After doing the benchmarking, I just bought an iMac with the i9-9900K and do most work on that.

Needless to say, I am immensely thankful to the ClojureScript team whenever there are improvements in compilation speed

mtruyens · February 27, 2020, 3:44pm

Very, very useful information. Many thanks!

I can agree with your assessment of the iMac Pro versus iMac. About two years ago, the regular iMac was stuck at some older processor, so I had to bite the bullet to buy the very expensive iMac Pro.
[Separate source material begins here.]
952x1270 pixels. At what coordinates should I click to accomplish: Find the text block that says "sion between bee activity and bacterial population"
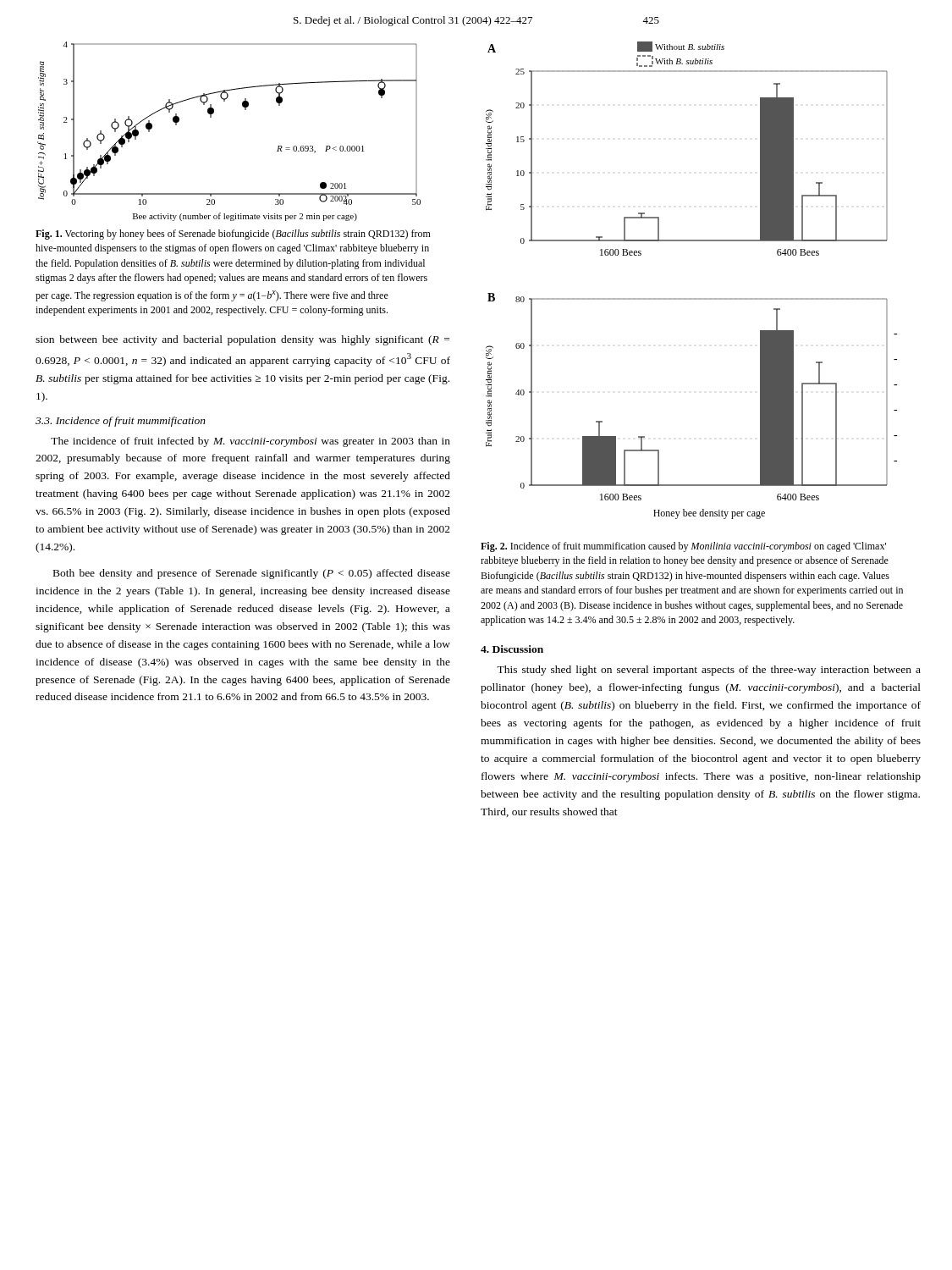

It seriously hurt financially (we’re a small startup), especially when you consider that the machine is at the same time too fast (most cores are sitting idle most of the time, and the graphics card definitely is) and not fast enough (for single-threaded Clojure work). You’re constantly thinking that you paid too much because developers were not the target audience for this machine — it’s clearly built for video editing.

That being said, I really really like the machine. I have never heard its fan and extremely stable, and maybe not the fastest but still quite fast for what it’s doing. I’d probably buy the regular iMac nowadays, but still I’m a satisfied customer.

l3nz · February 28, 2020, 9:19am

Not sure this can be counted as a success

linpengcheng · February 28, 2020, 9:59am

Boeing’s 737 MAX is a design error, not a fault. So it can’t say diagnostics system is not successful.

system · August 28, 2020, 9:59pm

This topic was automatically closed 182 days after the last reply. New replies are no longer allowed.